### Try it
Every line below between the line holding "Document page, 1275x1650 pixels." and the line holding "Identify the document", inclusive, should be repeated exactly, and all other lines omitted.

### Records for the task
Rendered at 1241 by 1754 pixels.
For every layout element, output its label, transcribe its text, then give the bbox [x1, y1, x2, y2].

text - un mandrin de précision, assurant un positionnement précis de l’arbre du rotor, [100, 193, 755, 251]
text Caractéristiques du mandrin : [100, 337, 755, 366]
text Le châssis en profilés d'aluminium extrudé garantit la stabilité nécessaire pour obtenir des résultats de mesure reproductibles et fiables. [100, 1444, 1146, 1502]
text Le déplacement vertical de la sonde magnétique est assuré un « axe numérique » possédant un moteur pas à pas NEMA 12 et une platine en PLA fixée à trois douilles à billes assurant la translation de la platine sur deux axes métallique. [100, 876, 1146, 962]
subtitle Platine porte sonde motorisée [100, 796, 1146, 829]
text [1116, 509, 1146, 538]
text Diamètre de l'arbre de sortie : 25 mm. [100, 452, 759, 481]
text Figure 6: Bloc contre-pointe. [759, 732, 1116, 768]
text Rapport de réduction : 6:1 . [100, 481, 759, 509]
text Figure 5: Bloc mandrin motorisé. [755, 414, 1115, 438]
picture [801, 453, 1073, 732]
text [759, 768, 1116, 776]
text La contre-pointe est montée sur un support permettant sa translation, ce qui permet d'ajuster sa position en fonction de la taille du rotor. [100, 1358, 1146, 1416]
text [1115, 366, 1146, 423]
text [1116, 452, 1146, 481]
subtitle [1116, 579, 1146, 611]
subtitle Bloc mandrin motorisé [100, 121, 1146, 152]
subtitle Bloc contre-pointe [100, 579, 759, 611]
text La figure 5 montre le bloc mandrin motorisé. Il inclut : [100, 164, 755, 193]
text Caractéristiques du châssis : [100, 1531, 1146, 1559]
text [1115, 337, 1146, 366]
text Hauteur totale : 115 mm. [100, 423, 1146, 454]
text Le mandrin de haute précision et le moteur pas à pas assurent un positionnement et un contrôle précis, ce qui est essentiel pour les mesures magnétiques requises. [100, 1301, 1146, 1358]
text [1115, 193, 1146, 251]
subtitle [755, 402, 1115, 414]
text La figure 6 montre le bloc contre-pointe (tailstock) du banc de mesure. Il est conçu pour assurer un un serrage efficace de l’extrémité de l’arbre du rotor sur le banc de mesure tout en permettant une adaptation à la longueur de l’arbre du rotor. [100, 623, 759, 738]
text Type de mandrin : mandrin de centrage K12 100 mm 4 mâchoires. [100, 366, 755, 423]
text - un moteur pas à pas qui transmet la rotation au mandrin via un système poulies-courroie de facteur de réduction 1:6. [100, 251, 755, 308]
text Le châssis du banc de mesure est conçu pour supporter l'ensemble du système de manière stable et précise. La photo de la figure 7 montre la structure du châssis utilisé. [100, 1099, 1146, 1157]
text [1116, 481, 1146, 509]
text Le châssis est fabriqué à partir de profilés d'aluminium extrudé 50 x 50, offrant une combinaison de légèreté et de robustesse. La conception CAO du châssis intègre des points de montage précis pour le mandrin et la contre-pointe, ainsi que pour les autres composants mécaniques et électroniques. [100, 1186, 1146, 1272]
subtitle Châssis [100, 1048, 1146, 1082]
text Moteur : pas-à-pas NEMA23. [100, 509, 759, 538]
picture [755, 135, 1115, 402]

==

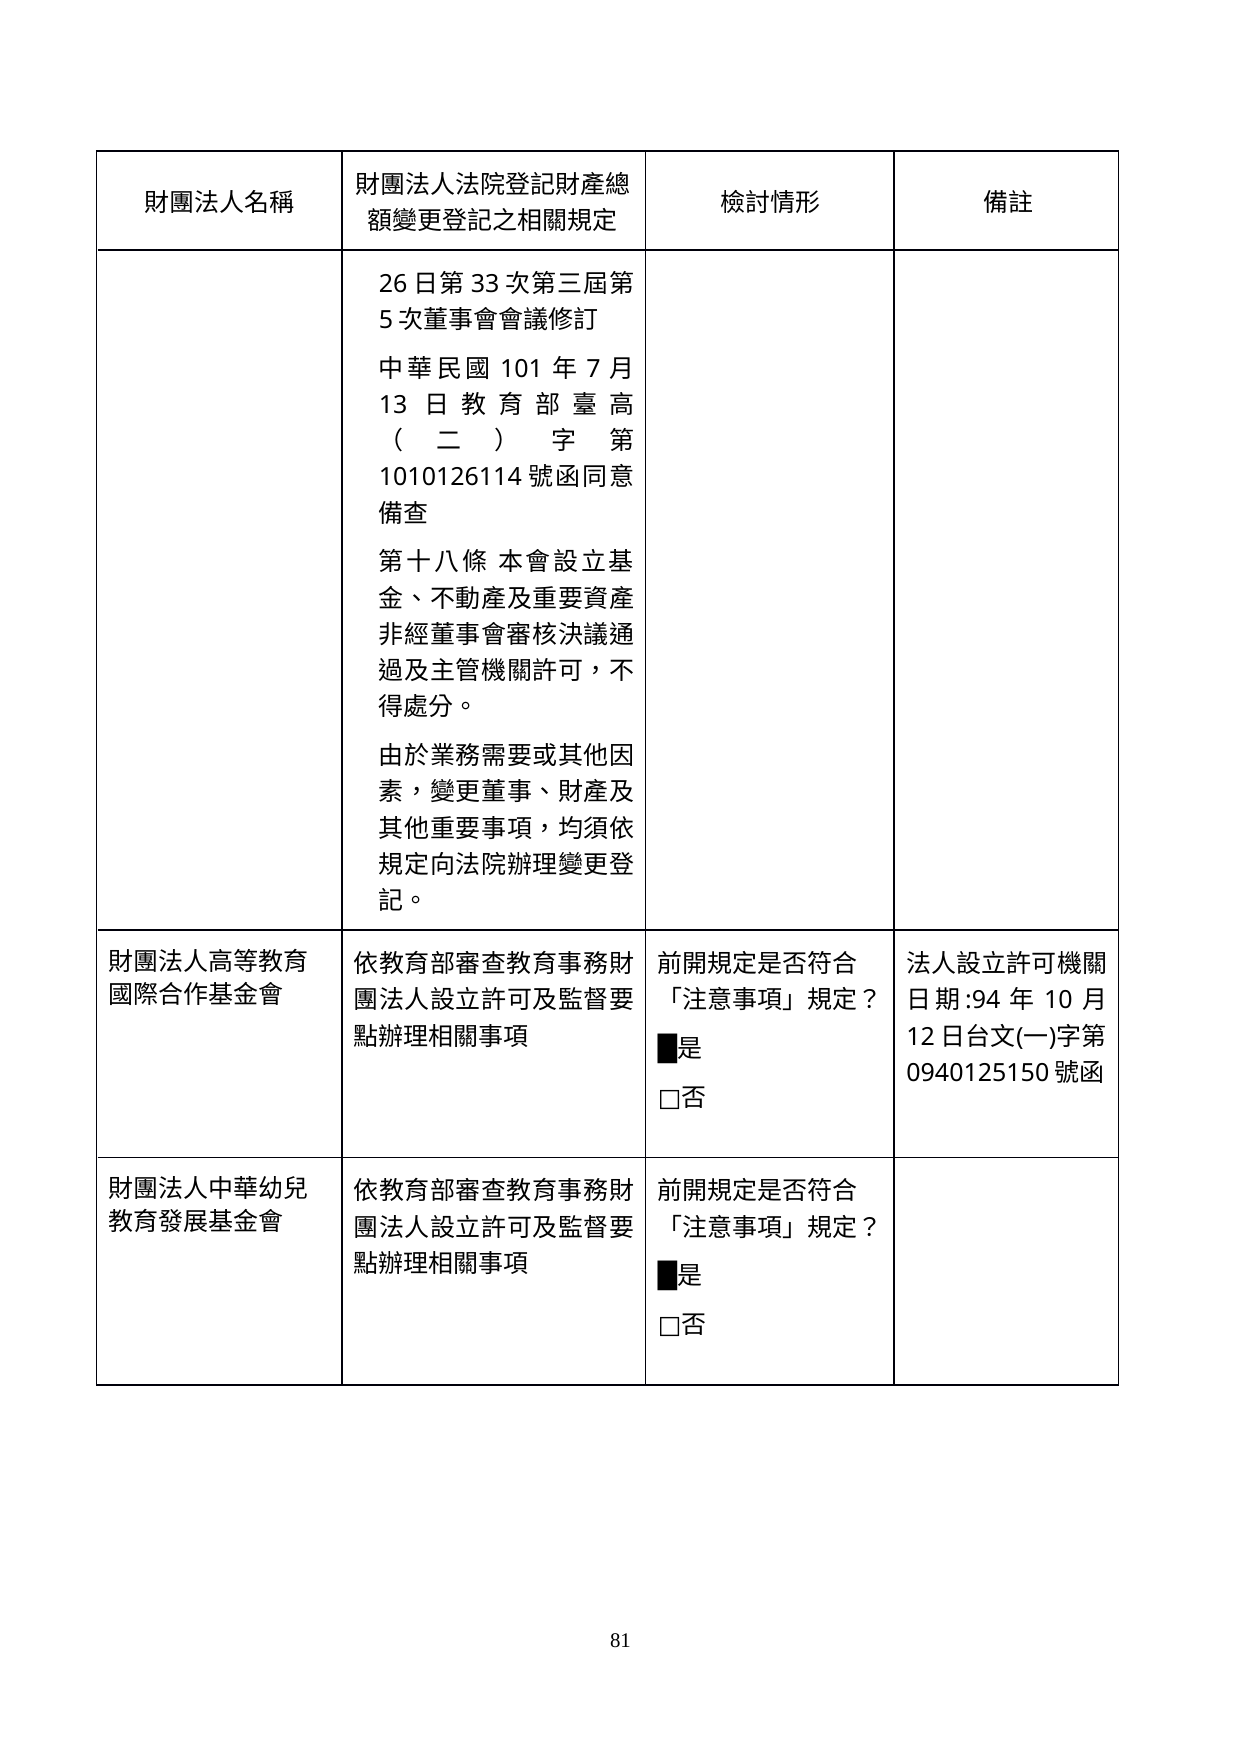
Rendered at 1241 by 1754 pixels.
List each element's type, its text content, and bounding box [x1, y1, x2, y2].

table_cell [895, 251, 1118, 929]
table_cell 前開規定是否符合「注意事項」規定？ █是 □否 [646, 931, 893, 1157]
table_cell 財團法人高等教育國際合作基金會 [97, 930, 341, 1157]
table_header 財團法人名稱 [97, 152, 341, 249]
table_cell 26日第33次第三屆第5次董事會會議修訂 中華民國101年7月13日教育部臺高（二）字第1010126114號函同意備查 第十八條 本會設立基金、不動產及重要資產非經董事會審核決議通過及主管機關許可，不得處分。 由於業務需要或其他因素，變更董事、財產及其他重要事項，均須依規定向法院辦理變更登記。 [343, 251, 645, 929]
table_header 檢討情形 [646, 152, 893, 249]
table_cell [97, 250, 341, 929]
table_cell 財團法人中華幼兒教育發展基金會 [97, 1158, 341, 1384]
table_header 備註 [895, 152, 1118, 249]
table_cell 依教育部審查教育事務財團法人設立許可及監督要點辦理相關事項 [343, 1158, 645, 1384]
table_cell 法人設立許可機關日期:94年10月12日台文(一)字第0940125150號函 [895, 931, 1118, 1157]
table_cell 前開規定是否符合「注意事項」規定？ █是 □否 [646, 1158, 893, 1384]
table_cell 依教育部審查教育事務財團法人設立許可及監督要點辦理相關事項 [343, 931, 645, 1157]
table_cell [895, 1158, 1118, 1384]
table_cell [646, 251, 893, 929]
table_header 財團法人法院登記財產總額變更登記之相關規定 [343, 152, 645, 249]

---

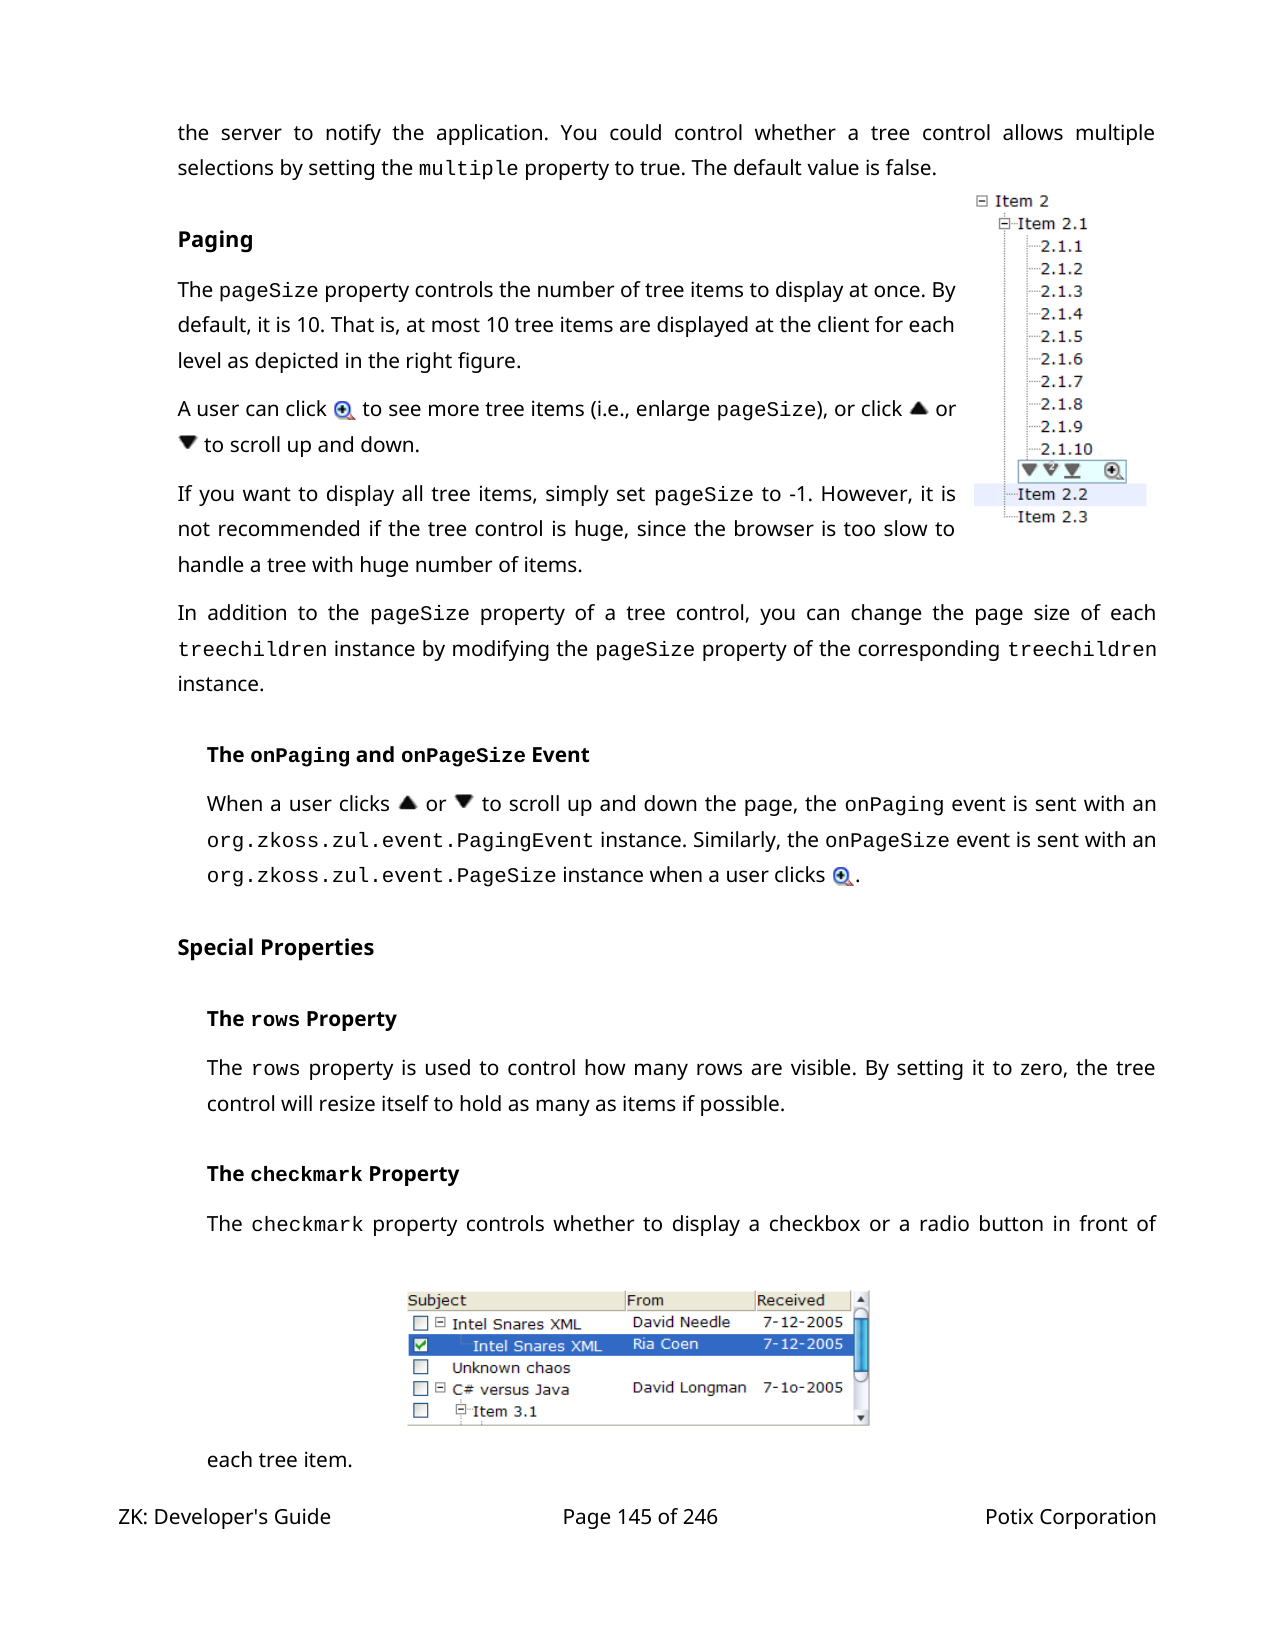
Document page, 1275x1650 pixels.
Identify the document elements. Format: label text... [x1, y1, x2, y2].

### Response to this exercise
Document page, 1275x1650 pixels.
Identify the document elements. Format: label text... [x1, y1, x2, y2].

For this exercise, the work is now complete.